**PROVIDED INFORMATION**:

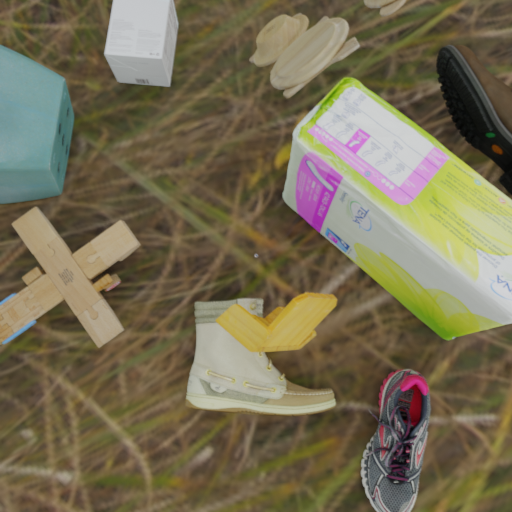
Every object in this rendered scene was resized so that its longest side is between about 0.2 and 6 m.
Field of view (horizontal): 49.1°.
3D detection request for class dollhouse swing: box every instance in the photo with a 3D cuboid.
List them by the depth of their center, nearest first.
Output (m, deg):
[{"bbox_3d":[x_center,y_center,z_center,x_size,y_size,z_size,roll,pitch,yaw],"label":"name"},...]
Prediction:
[{"bbox_3d":[0.275,0.644,6.828,0.948,1.043,0.917,36,107,35],"label":"dollhouse swing"}]

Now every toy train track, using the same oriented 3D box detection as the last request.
[{"bbox_3d":[-3.239,0.750,7.990,3.678,0.598,2.110,-35,88,-1],"label":"toy train track"}]

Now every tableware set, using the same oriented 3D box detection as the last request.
[{"bbox_3d":[0.962,-3.222,7.348,2.457,2.942,0.341,-42,123,9],"label":"tableware set"}]

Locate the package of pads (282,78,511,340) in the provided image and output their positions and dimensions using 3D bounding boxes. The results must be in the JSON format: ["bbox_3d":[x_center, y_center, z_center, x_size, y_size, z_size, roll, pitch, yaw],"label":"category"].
[{"bbox_3d":[1.885,-0.444,7.117,3.330,2.573,1.136,41,80,8],"label":"package of pads"}]

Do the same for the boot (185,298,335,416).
[{"bbox_3d":[0.091,1.374,7.748,2.043,0.736,1.580,3,77,1],"label":"boot"}]

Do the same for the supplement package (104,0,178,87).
[{"bbox_3d":[-1.727,-3.346,8.601,0.861,0.855,1.135,5,79,1],"label":"supplement package"}]

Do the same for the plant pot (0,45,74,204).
[{"bbox_3d":[-4.184,-1.861,7.742,2.979,2.105,2.106,7,79,-11],"label":"plant pot"}]

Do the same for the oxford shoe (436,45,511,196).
[{"bbox_3d":[3.438,-1.875,7.556,1.101,0.948,2.610,-36,87,-2],"label":"oxford shoe"}]

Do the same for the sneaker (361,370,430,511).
[{"bbox_3d":[1.886,2.504,7.506,0.792,0.734,1.966,8,79,2],"label":"sneaker"}]
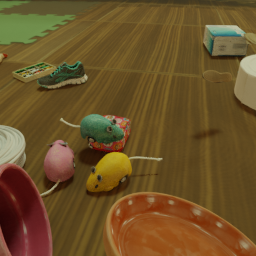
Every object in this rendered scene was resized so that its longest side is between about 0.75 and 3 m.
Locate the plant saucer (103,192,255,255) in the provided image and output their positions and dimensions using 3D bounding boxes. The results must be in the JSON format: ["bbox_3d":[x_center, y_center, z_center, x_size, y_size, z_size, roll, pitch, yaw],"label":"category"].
[{"bbox_3d":[0.872,1.823,4.025,2.581,0.417,2.581,17,16,-5],"label":"plant saucer"}]

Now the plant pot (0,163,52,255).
[{"bbox_3d":[-2.206,1.593,4.097,1.600,1.788,1.788,-19,35,-1],"label":"plant pot"}]

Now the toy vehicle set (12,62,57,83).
[{"bbox_3d":[-3.684,-2.229,11.082,0.909,0.194,1.463,24,40,32],"label":"toy vehicle set"}]

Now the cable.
[{"bbox_3d":[-3.333,0.675,6.246,2.029,0.702,2.028,2,32,2],"label":"cable"}]

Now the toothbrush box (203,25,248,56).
[{"bbox_3d":[4.632,-4.235,13.431,1.599,0.932,2.184,1,34,2],"label":"toothbrush box"}]

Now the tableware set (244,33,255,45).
[{"bbox_3d":[6.266,-3.261,11.927,2.667,0.309,2.228,2,48,-17],"label":"tableware set"}]

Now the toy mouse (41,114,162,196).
[{"bbox_3d":[-1.028,0.371,6.323,2.736,0.530,2.432,-27,55,-17],"label":"toy mouse"}]

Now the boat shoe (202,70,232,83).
[{"bbox_3d":[2.306,-1.325,7.361,0.886,0.319,0.287,-3,-5,-22],"label":"boat shoe"}]

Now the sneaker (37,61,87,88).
[{"bbox_3d":[-2.395,-1.982,10.133,1.815,0.828,0.704,-16,37,-22],"label":"sneaker"}]

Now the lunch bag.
[{"bbox_3d":[-0.529,0.107,7.283,1.040,0.484,1.181,9,34,13],"label":"lunch bag"}]

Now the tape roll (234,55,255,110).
[{"bbox_3d":[5.103,-1.468,9.157,3.007,1.052,3.007,0,34,0],"label":"tape roll"}]

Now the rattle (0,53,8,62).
[{"bbox_3d":[-5.823,-3.251,11.962,0.929,1.019,1.427,-4,35,30],"label":"rattle"}]
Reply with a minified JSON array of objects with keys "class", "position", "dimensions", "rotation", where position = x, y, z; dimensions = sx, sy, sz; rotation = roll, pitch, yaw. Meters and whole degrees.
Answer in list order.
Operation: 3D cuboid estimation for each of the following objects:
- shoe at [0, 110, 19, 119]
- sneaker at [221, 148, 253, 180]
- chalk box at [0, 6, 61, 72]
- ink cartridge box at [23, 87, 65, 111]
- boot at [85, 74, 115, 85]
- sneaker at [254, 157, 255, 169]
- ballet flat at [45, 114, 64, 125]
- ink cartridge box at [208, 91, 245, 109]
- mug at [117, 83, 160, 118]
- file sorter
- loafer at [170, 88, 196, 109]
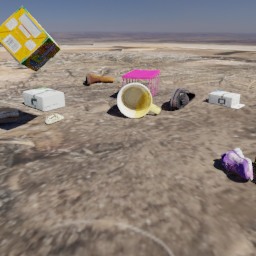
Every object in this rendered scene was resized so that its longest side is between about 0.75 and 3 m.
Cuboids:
[{"class":"shoe","position":[-4.807,-0.536,11.059],"dimensions":[0.928,0.248,0.324],"rotation":[-8,23,-19]},{"class":"sneaker","position":[2.696,0.927,7.037],"dimensions":[0.577,0.525,1.305],"rotation":[-6,17,3]},{"class":"chalk box","position":[-2.755,-2.425,8.047],"dimensions":[1.088,1.096,1.756],"rotation":[-42,3,2]},{"class":"ink cartridge box","position":[-3.717,-1.297,12.442],"dimensions":[1.568,0.651,1.150],"rotation":[18,27,38]},{"class":"boot","position":[-1.673,-2.840,16.884],"dimensions":[1.737,0.595,1.635],"rotation":[5,13,-7]},{"class":"sneaker","position":[3.488,0.992,6.750],"dimensions":[0.577,0.529,1.355],"rotation":[5,21,11]},{"class":"ballet flat","position":[-2.761,-0.374,10.607],"dimensions":[0.331,0.279,0.874],"rotation":[11,23,28]},{"class":"ink cartridge box","position":[4.510,-1.309,12.740],"dimensions":[1.416,0.472,0.820],"rotation":[19,28,40]},{"class":"mug","position":[0.334,-1.055,11.478],"dimensions":[1.361,1.699,1.395],"rotation":[-32,11,6]},{"class":"file sorter","position":[0.677,-2.076,13.660],"dimensions":[1.376,1.242,1.980],"rotation":[6,21,18]},{"class":"loafer","position":[2.471,-1.349,12.441],"dimensions":[0.736,0.840,2.336],"rotation":[13,21,19]}]
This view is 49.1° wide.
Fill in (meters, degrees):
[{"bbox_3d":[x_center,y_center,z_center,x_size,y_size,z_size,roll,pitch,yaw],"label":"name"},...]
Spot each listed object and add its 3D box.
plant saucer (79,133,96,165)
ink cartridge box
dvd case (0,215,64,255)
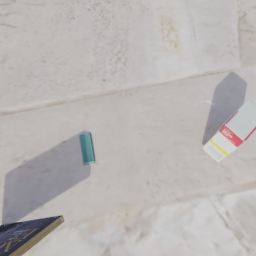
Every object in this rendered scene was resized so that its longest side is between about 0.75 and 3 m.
[{"bbox_3d":[-1.239,0.615,8.447,0.368,0.100,1.054,-10,59,-6],"label":"plant saucer"},{"bbox_3d":[2.897,0.137,7.789,0.673,1.614,1.171,43,65,13],"label":"ink cartridge box"},{"bbox_3d":[-2.878,2.515,5.518,2.071,2.785,0.222,-16,93,23],"label":"dvd case"}]
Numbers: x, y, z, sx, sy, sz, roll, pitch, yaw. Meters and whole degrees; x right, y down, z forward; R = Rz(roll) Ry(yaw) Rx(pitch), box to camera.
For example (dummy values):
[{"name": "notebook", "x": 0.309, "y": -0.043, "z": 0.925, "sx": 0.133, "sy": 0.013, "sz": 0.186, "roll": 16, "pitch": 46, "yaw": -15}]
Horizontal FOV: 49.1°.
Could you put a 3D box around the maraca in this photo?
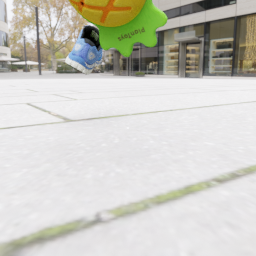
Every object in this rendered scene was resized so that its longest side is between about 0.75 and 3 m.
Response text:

**REQUIRED WORK**:
Say how many lines of the data hold the word "degrees", and leave out everything but the number.

**OUTPUT FOR THIS TASK**:
3